I Hear Voices
That’s right, I hear voices — four of them actually. And tonight I recognized them and saw very clearly what was happening, and it started with a prayer. I prayed while laying in savasana after an inspiring yoga class. My prayer was a simple one, a typical one even. I knew I had to get this blog up. And I am somewhat of an inspirational writer. What I mean by that is when something in my life inspires me, the thoughts come fast and furious. When this happens, I need to get to the computer quickly or at the very least a pad and pen.
This past week, I haven’t had the opportunity to let those things that I felt inspired to write about get written down or entered into the computer. My busy life was stringing out my current blog past when it was time to change it and I needed some inspiration. So I prayed. I asked God in what I recognized was my voice, “God, please bring through me the words that those reading my blog this week are seeking to hear.” I continued in my head with the invocation, although this one had a different voice, albeit it was still my voice. The inflection was not as strong and committed, and it stuttered a little.
The prayer continued in this shaky voice, “Please, God, let this blog be of great service.”
This is where it became interesting. Another voice almost simultaneously, yet seemingly behind the shaky voice, a higher pitched, tense, and uneasy voice, was saying, “Let this be of great service to me as well.”
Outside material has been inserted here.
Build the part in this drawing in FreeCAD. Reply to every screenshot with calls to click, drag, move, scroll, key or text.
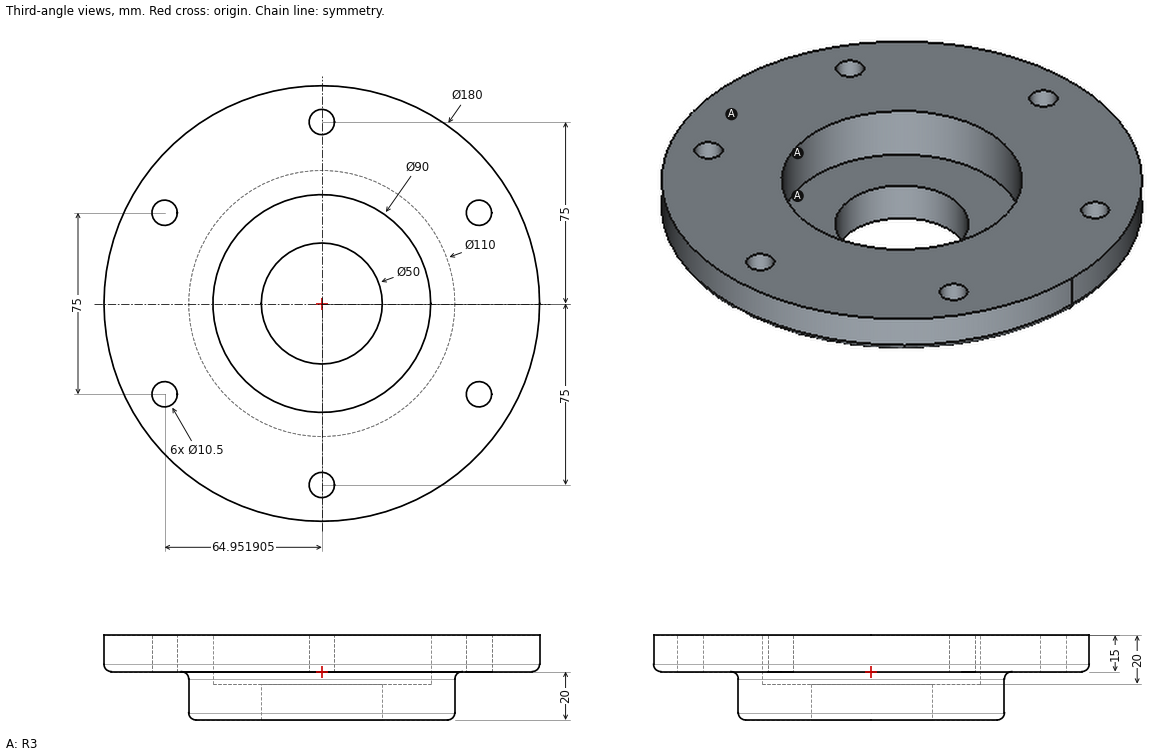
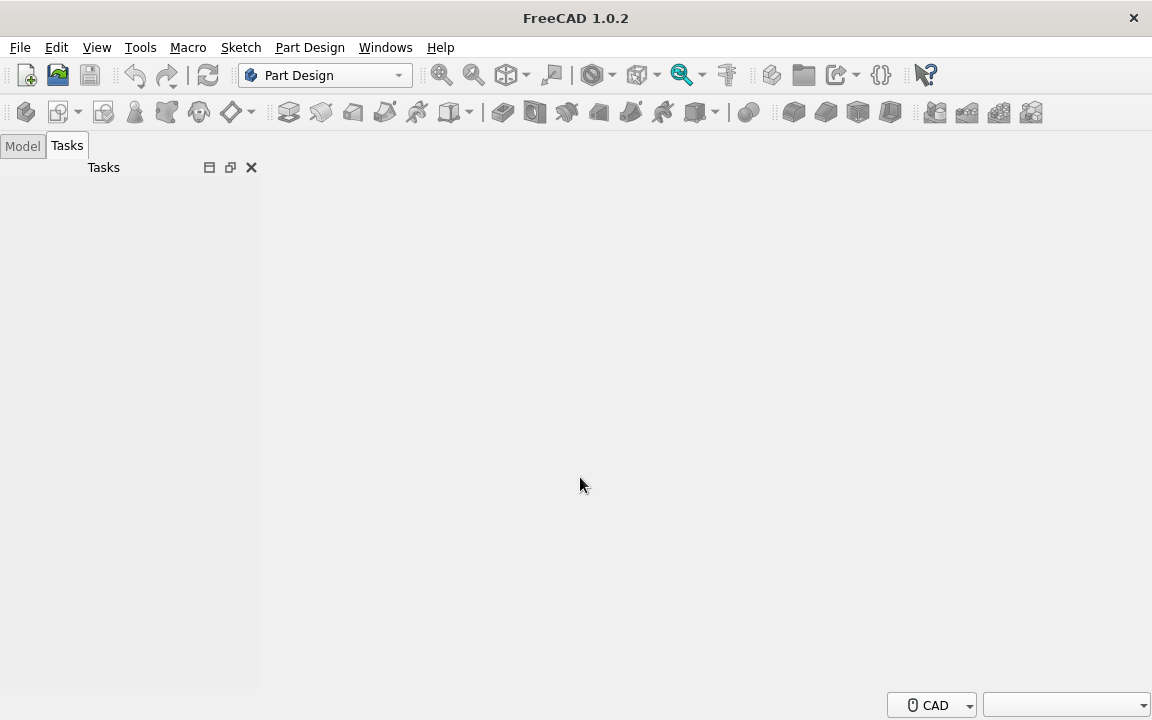
key(ctrl+n)

Just as that voice started to say that, another voice came in and chimed, “You can’t ask for this to serve you!” This voice was clearly different, as were all four of the voices, yet they were, strangely enough, all my voice. It was very clear to me while this was happening ,that these were all my thoughts with my different data attached to them surrounding what each statement was.
This noticing of my thoughts, and the voices attached to them, was fairly unique to me. I have listened to the voices in my head many times and always wondered what was going on there. I have been intrigued about how many different levels there are in my mind. And that kicked off another whole set of thoughts and voices.
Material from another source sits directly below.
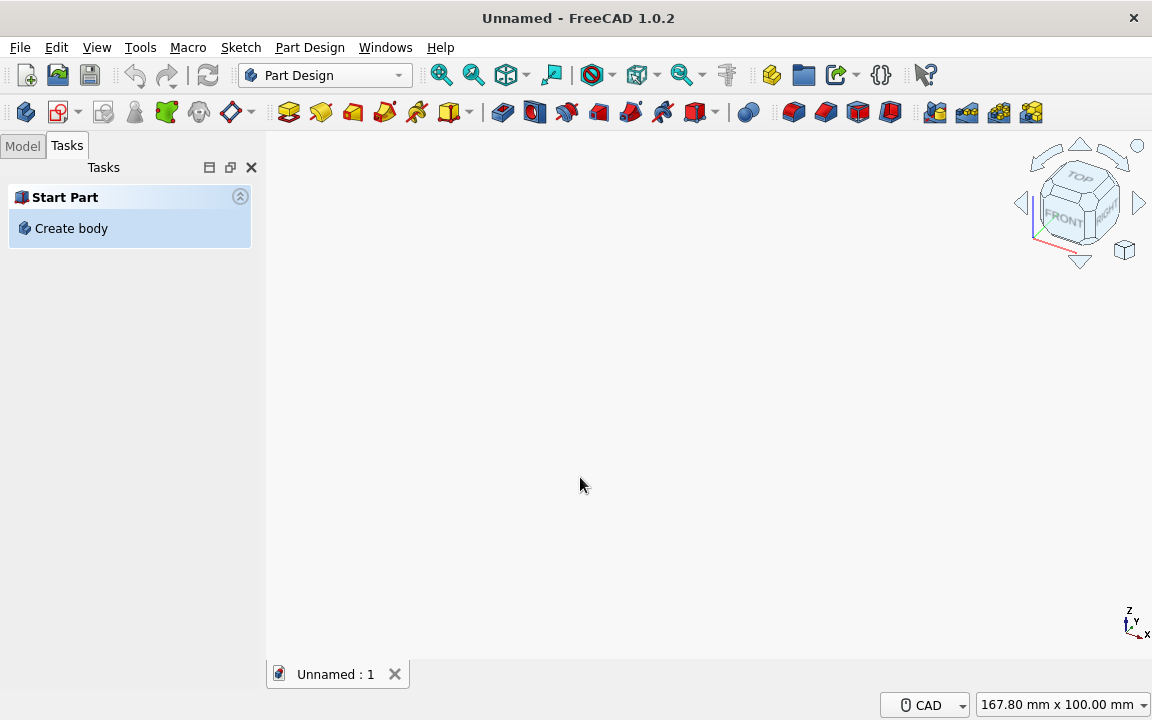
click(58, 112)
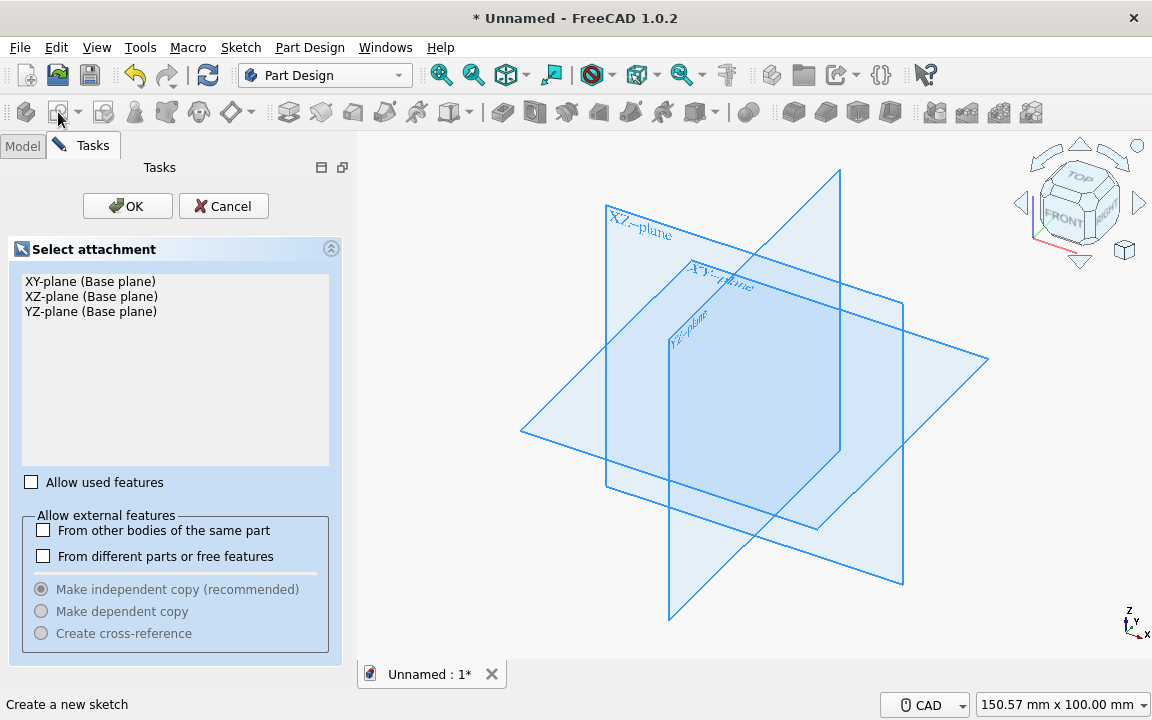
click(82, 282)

The thought process fascinated me, especially with the level of clarity and awareness in which it occurred. I quickly had the thought, “This is the blog!” As soon as I made that decision, I had two simultaneous things going on in my head.
The first was, “Don’t forget this!” I began to repeat the topic over and over in my head so I would remember: “I hear voices, I hear voices…” While repeating that mantra, my secondary thoughts were flying about, “How does this tie in to addiction?” One voice said, “You can’t write about something like that. What if it harms someone?” While immediately another voice said, “Oh, my God, people who hear voices need to read this. They need to know that maybe those voices are there to bring awareness to our thoughts.” This very same voice said, “You must write this article.”
And so that conversation took place in my head in a two-minute span while laying on a floor in a 105 degree room, soaking wet after a ninety-minute yoga class where every aspect of my being was pushed to the limits. This incredible insight happened because I took time for myself. I made time for me and only me to honor what God has given me, a beautiful mind capable of multi-layered thought, an incredible body that is able to do more than I ever give it credit for, and a soul in which to rely upon and seek wisdom, compassion, discipline, and insight from.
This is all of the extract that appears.